Poster de la película El árbol de la vida, ganadora en Cannes, Terrence Malick.
Si hay algo parecido en el mundo a Víctor Erice, tenemos que marcharnos de España. No por nada, sino porque en algún lugar desértico, del cielo o de color rojo, encontraremos al susodicho. Parecidos razonables, formal, estética y visualmente. Bello cinema. Terrence Malick tiene como Erice poca prensa, poco cine y muchos, bastantes quilates. Igual me emocionan las arenas, el polvo del que se nutre Martin Sheen en aquellas malas tierras, como el miedo metido en el cuerpo de los soldados marines norteamericanos, George Clooney o Sean Penn. Igual me produce emoción una colmena en las manos de un protegido apicultor, el renacentista Fernán Gómez. Igual el baile de padre e hija allá abajo, en el Sur. Igual el boceto-bosquejo-búsqueda de lo imposible (así es la perfección) del pincel puñetero y mágico de ese sol del membrillo que busca y ¿encuentra? la mirada de Antonio López.

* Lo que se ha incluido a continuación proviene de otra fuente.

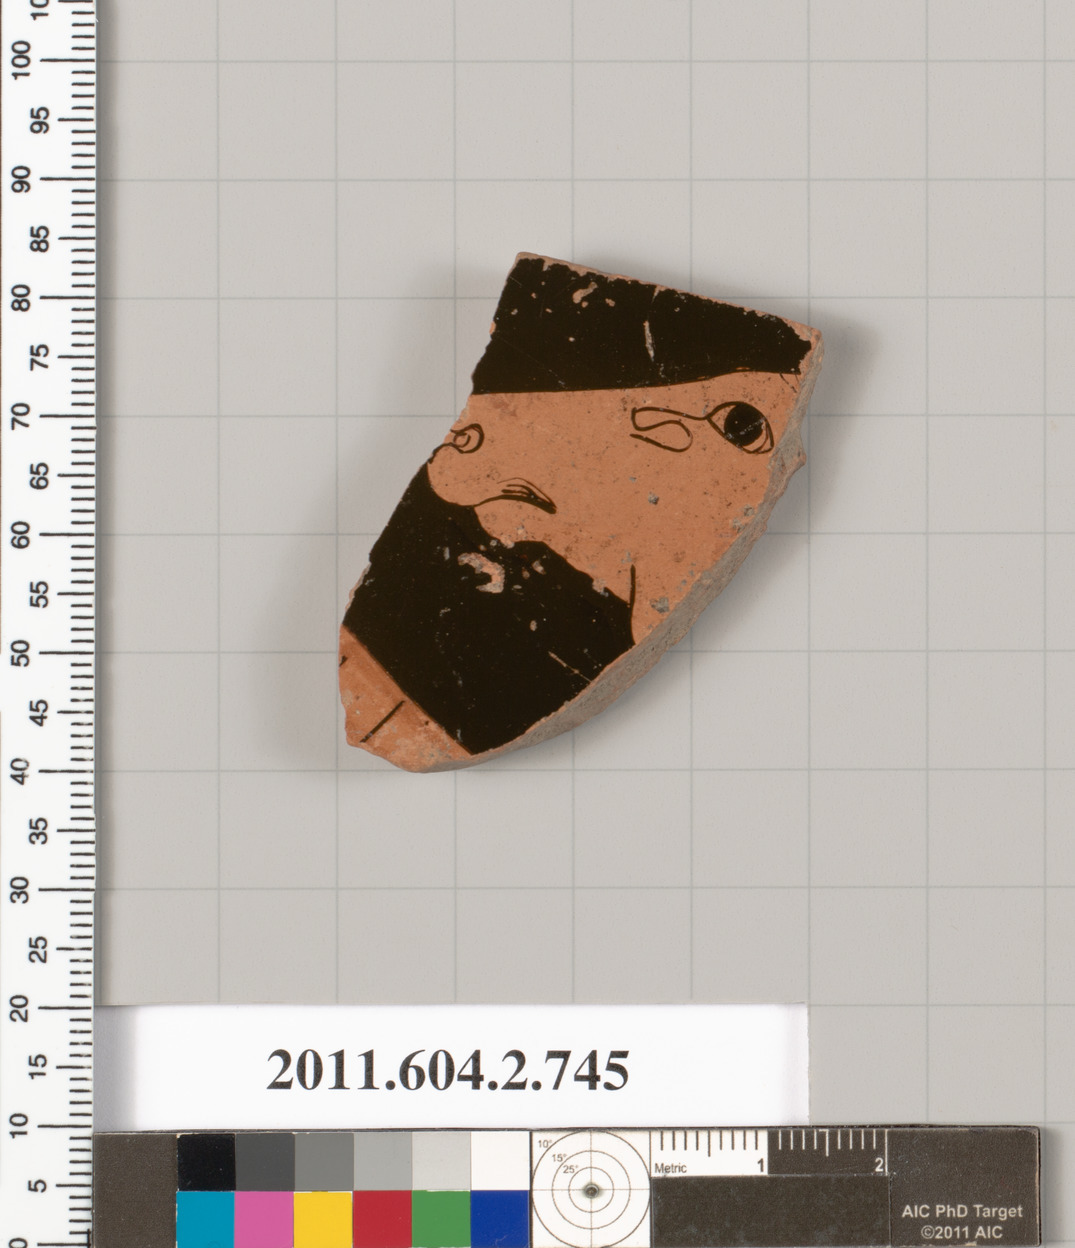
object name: calyx krater fragment
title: Terracotta fragment of a calyx-krater (bowl for mixing wine and water)
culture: greek, attic
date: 500-476 BCE
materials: terracotta
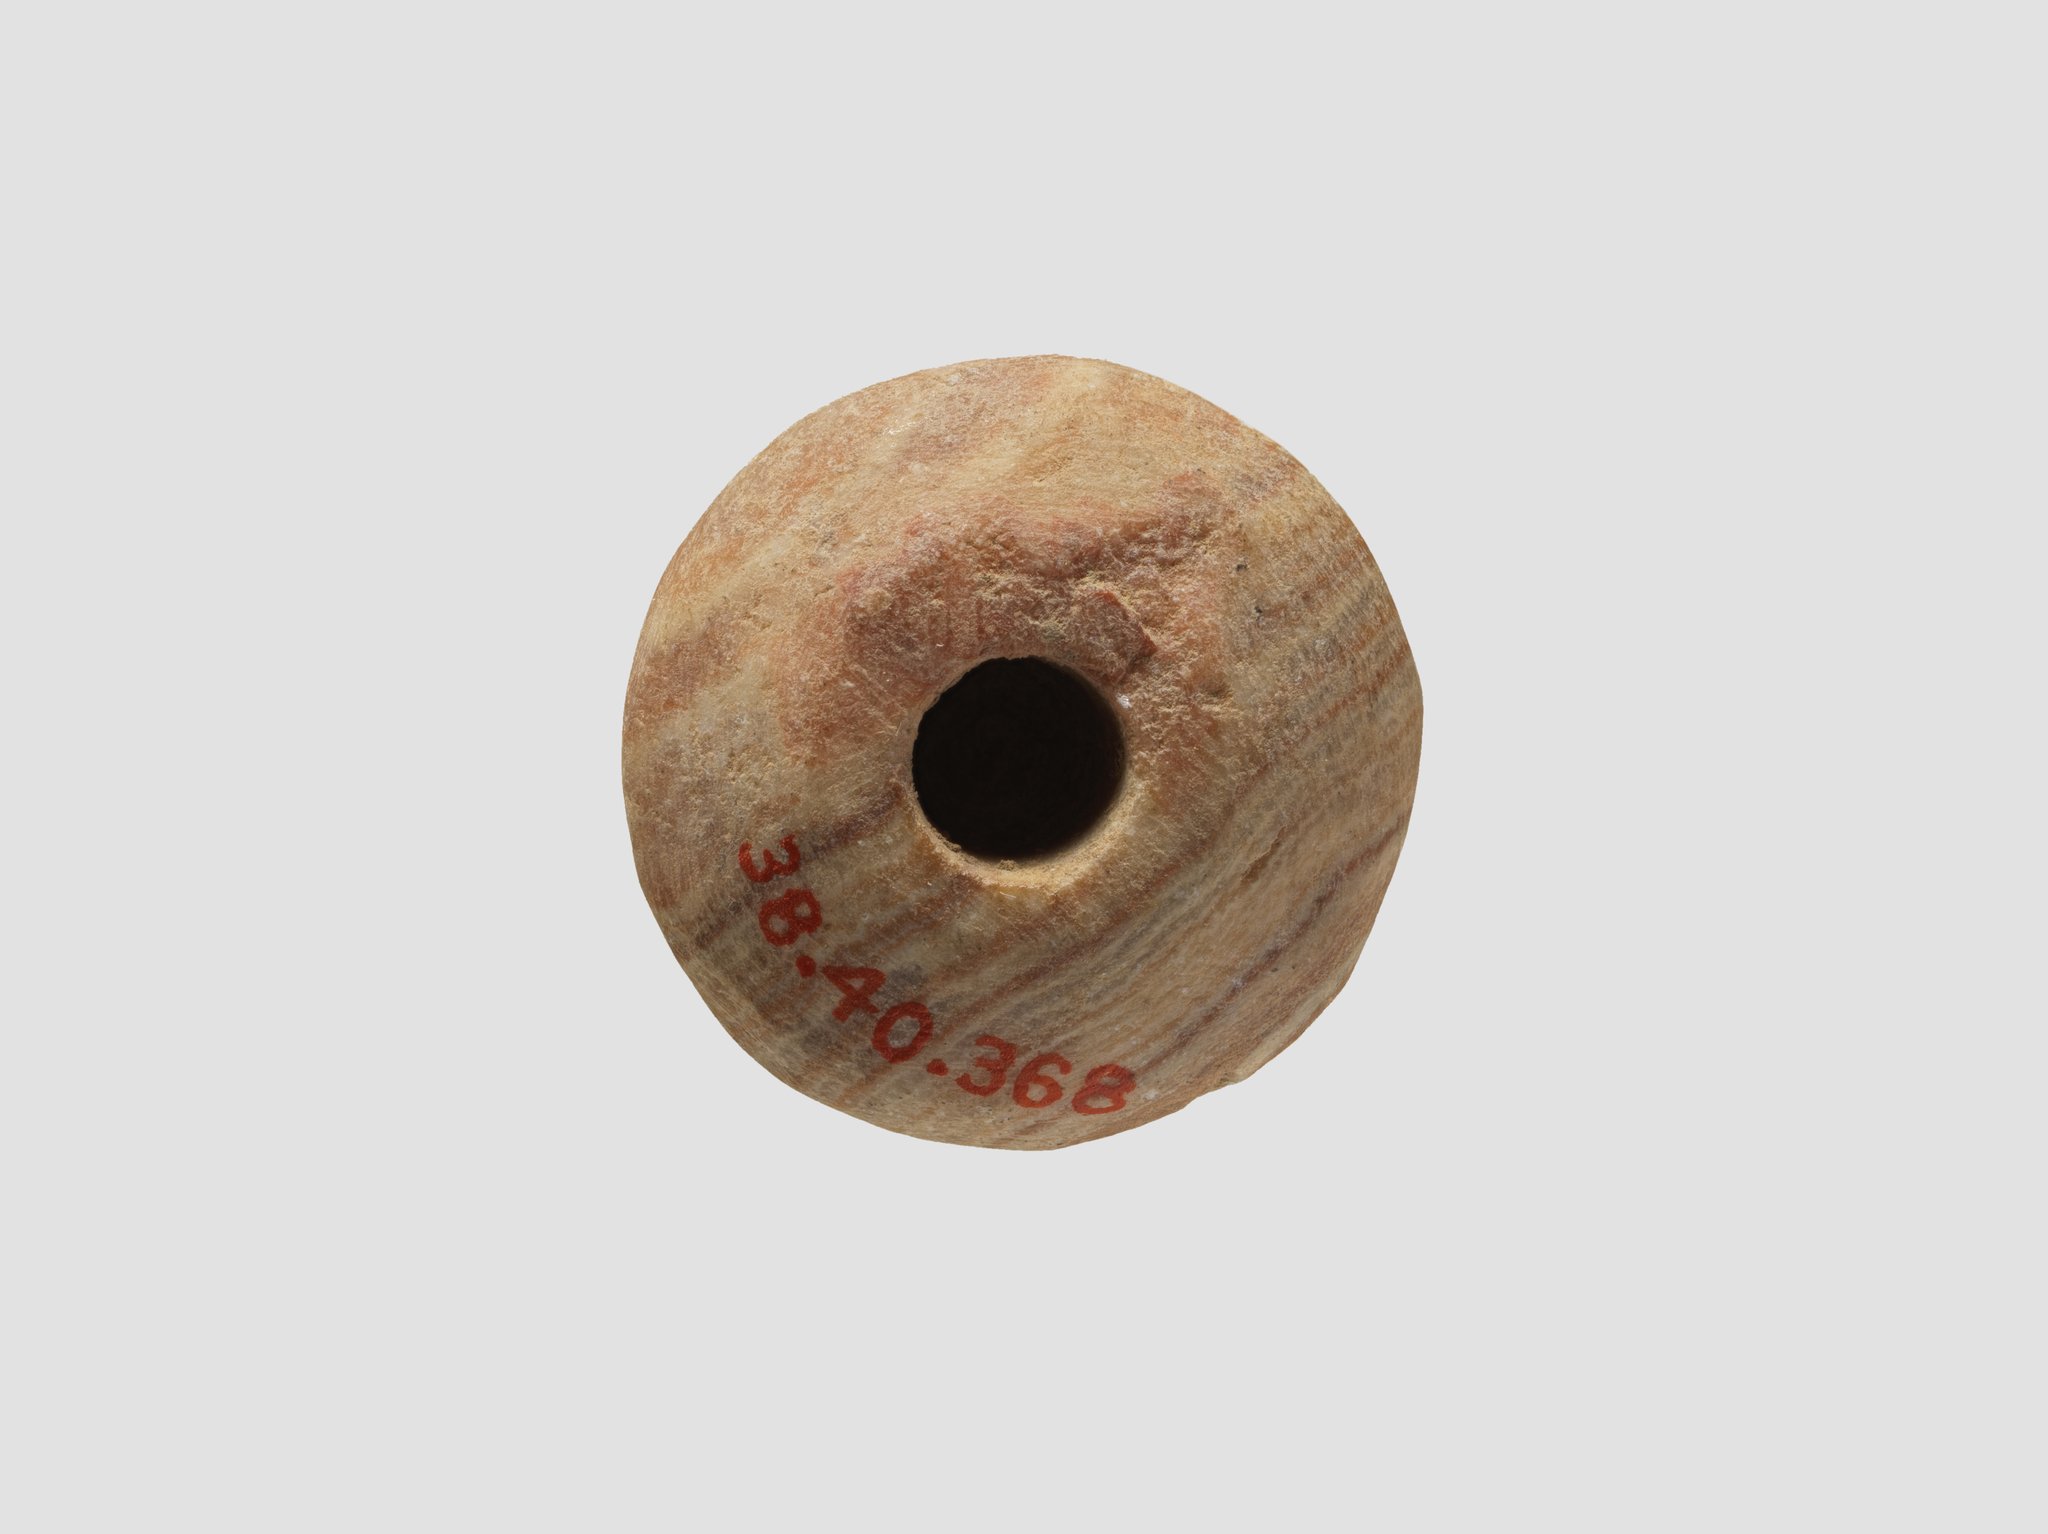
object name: whorl
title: Spindle whorl
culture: iranian
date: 5000-2001 BCE
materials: stone
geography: iran

Terrence Malick ha ganado en Cannes (otra cosa no, pero seguro que deslumbrándoles los ojos a todos) con su película El árbol de la vida. Tengo tantas ganas de quedarme ciego como de que no se estrene pronto la película. No puedo esperar seis meses más para compensar la barbaridad que me rodea, que nos rodea, este bello mundo, bella vida. También quiero ver Melancolía, para decirle a Lars Von Trier que deje de decir tantas tonterías, porque su cine no necesita del provocar. También quiero que Víctor Erice vuelva y nos pegue la bofetada de siempre, que Malick imite a tito Woody y nos ciegue cada año. Que no se mueran sin antes haber encontrado el camino de la felicidad eterna, que sigan en la búsqueda del medicamento cinematográfico ideal. Que nos inoculen una centésima parte de lo que circule por sus cabezas.
Al menos yo lo necesito.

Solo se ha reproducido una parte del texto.